Contained in the GitHub repository where you found this project you may also find the raw data files, clean data files, and individual plot images. It is also encouraged to open the metadata files while reading through the project in case any variable name meanings are confusing.

**Aims:** In this analysis, I aim to use the dataset presented to dissect the relationship between primary productivity and nutrient presence in the U.S. coastal waters. This includes exploration of regional differences as well as potential changes over time in the abundance of these chemicals.

## Analysis

### Part 1: The Dataset

In [2]:
# Here are a few rows of the final cleaned data 
pd.read_csv('ncca_tidy.csv').head(3)

Unnamed: 0.1,Unnamed: 0,UID,State,Date Collected,Result,Waterbody,SITESAMP,Region,Province,Parameter
0,0,59,CA,7/1/2010,0.4075,Mission Bay,Y,West,Californian Province,Total Nitrogen (mg N/L)
1,1,59,CA,7/1/2010,0.014,Mission Bay,Y,West,Californian Province,Nitrate/Nitrite (mg N/L)
2,2,59,CA,7/1/2010,0.028,Mission Bay,Y,West,Californian Province,Dissolved Inorganic Phosphate (mg P/L)


In [3]:
# Alternative view of cleaned data
pd.read_csv('ncca_tidy_pivot.csv').head(3)
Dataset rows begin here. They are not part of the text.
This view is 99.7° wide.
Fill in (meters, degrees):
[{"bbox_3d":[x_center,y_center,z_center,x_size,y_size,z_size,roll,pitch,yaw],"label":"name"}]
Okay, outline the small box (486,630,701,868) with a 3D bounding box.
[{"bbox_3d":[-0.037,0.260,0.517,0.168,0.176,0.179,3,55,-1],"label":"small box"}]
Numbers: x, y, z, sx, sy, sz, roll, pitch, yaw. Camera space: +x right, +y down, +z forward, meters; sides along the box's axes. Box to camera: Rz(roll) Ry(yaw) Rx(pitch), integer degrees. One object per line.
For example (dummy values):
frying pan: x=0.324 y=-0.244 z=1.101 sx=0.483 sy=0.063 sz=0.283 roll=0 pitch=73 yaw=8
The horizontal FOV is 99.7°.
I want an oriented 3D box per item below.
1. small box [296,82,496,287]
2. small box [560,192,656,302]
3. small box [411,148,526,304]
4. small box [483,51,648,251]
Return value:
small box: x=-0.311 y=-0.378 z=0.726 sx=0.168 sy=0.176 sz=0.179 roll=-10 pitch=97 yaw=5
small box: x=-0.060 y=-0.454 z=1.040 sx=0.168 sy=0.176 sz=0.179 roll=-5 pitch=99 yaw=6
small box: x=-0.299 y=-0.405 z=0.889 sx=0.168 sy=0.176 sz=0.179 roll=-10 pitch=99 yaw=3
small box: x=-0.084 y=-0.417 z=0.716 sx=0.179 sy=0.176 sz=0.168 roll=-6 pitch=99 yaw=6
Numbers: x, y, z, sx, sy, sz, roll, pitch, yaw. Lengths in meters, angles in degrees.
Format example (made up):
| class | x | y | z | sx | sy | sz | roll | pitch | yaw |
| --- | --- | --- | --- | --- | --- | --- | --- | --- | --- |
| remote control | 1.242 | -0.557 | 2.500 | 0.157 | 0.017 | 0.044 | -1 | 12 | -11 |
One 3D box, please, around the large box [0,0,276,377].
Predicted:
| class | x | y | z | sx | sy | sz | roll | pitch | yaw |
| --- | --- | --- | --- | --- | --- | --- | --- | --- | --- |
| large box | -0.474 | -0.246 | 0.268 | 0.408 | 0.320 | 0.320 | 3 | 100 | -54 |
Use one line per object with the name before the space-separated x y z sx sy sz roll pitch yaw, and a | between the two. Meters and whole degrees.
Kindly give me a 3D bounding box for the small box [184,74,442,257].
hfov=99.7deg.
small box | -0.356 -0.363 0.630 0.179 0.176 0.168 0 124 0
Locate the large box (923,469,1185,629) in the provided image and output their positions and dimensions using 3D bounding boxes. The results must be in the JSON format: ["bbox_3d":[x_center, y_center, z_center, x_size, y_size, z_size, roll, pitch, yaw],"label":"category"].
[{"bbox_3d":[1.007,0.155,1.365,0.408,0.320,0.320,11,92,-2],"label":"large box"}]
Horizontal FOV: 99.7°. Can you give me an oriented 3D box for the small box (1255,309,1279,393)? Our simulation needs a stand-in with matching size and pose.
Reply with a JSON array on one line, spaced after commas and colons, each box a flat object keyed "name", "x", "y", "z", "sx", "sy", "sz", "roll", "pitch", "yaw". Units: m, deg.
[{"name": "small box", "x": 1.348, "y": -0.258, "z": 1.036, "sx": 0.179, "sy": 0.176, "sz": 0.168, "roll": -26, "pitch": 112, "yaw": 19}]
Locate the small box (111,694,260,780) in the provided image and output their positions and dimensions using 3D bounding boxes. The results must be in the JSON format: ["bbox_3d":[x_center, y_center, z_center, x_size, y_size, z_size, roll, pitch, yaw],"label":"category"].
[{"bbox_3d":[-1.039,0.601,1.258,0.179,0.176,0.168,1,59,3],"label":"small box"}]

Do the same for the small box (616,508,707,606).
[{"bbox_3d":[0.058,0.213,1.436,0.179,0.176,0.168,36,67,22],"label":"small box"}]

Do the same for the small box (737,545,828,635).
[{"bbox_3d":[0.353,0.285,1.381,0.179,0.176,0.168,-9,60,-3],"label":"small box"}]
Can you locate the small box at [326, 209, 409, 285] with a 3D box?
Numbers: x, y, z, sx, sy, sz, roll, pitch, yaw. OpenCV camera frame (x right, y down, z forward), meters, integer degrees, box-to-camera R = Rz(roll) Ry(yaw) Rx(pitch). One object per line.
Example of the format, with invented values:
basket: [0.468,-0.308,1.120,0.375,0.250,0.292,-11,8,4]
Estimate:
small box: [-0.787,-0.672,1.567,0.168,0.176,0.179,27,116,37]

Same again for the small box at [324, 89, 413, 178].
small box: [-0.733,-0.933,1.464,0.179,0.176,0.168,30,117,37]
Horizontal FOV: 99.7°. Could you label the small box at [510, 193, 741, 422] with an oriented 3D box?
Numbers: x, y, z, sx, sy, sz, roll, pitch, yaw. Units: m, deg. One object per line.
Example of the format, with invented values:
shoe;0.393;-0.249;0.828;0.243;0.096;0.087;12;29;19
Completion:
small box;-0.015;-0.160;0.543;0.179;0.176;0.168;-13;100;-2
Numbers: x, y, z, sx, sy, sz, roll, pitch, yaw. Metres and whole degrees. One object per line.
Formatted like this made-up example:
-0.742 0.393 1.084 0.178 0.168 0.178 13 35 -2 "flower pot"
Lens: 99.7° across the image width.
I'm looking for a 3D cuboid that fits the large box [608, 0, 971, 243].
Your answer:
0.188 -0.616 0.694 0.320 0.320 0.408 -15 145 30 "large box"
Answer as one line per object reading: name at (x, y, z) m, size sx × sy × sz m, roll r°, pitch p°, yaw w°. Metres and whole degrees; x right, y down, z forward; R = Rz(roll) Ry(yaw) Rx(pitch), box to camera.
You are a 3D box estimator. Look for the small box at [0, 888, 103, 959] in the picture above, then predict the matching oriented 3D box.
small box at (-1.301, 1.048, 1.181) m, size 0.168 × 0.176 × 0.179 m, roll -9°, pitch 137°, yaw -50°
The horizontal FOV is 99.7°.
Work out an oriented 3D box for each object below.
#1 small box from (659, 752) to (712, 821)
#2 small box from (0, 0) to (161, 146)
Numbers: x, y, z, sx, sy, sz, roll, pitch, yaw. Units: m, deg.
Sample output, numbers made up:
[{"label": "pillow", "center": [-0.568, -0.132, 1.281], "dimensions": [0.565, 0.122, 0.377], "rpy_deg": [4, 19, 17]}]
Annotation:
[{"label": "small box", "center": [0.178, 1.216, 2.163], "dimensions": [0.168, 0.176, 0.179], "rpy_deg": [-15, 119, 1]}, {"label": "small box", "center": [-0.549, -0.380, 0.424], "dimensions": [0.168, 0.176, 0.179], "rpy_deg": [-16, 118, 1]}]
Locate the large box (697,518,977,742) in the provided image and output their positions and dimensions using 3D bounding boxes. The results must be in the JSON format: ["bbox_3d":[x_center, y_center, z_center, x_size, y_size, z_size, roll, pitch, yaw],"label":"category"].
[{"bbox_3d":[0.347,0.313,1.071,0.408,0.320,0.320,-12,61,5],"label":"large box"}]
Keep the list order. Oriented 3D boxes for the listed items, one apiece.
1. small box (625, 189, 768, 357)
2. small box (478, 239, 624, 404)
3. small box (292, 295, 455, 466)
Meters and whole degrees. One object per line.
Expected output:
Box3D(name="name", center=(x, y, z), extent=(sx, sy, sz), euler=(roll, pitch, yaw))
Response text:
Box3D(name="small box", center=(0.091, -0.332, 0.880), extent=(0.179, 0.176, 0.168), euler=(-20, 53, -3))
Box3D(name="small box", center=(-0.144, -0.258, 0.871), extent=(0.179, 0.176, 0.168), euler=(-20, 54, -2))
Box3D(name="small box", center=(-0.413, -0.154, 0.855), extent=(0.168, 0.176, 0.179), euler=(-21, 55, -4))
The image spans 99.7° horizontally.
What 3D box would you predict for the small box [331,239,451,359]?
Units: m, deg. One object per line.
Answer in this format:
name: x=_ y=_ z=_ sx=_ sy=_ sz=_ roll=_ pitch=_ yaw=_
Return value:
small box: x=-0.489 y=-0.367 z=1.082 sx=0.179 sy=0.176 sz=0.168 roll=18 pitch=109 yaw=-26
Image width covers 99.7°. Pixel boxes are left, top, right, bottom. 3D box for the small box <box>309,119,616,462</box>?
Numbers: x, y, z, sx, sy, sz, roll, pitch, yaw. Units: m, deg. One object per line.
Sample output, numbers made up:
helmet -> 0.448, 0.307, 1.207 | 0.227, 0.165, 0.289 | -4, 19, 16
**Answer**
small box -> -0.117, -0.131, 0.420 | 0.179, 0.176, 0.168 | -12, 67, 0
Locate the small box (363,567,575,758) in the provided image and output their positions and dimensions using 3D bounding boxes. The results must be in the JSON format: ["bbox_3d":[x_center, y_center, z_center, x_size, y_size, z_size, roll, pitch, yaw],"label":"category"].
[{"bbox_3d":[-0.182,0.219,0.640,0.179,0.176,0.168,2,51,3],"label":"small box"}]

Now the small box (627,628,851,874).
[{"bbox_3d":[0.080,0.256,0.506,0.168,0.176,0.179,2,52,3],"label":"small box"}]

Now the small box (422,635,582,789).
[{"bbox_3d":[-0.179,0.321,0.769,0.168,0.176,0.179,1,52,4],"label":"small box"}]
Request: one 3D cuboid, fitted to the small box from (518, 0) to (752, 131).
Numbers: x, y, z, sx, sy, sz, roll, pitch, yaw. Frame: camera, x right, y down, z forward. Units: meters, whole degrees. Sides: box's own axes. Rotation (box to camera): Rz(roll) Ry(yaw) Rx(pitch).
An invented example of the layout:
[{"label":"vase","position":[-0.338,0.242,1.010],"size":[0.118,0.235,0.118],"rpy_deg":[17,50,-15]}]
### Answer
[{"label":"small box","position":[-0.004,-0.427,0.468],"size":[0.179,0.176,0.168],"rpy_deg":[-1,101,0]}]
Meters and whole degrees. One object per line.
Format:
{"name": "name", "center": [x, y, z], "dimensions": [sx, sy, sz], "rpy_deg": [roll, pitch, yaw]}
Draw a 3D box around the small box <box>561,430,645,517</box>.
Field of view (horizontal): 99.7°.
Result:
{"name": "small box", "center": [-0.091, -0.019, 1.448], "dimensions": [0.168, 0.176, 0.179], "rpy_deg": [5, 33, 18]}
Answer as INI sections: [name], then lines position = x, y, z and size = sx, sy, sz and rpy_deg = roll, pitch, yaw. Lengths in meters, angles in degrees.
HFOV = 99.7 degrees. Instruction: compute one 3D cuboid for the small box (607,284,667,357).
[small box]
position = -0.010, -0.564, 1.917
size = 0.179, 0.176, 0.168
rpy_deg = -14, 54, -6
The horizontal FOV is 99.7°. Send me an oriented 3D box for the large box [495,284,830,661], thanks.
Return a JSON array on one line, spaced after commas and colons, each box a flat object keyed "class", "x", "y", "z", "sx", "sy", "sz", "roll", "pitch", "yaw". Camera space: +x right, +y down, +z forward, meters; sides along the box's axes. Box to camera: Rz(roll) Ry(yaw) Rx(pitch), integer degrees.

Unnamed: 0,UID,State,Date Collected,Waterbody,Region,Province,SITESAMP,Ammonia (mg N/L),Chlorophyll A (ug/L),Dissolved Inorganic Nitrogen (mg N/L),...,Nitrate (mg N/L),Nitrate/Nitrite (mg N/L),Nitrite (mg N/L),Nitrogen Particulate (mg N/L),Phosphorus Particulate (mg P/L),Total Dissolved Nitrogen (mg N/L),Total Dissolved Phosphorus (mg P/L),Total Kjeldahl Nitrogen (mg N/L),Total Nitrogen (mg N/L),Total Phosphorus (mg P/L)
0,59,CA,2010-07-01,Mission Bay,West,Californian Province,Y,0.0,3.34,0.014,...,,0.014,,,,,,,0.4075,0.061254
1,60,CA,2010-07-01,San Diego Bay,West,Californian Province,Y,0.01,2.45,0.02,...,,0.01,,,,,,,0.23,0.037379
2,61,CA,2010-07-01,Mission Bay,West,Californian Province,Y,0.0,3.82,0.009,...,,0.009,,,,,,,0.33625,0.0481


I chose to have two separate tidy dataframes, they contain the same information, but one is pivoted to display a variable differently. The first dataset, `ncca_tidy.csv` , contains all the necessary variables for the questions
asked in this analysis. 

- `UID` serves as an index for the data. 
- `State` is the U.S. state that the sample was taken in. 
- `Date Collected` is the date that the sample was taken at the site. 
- `Waterbody` is the specific body of water the sample was taken at. 
- `SITESAMP` is an indicator whether a sample was actually taken, where Y is 'Yes' and N is 'No'. 
- `Province` is the geographical province that the sample was taken at. 
- `Parameter` is a set of chemicals and their measurement units, where the numerical results of the measurement are stored in the `Results` variable. 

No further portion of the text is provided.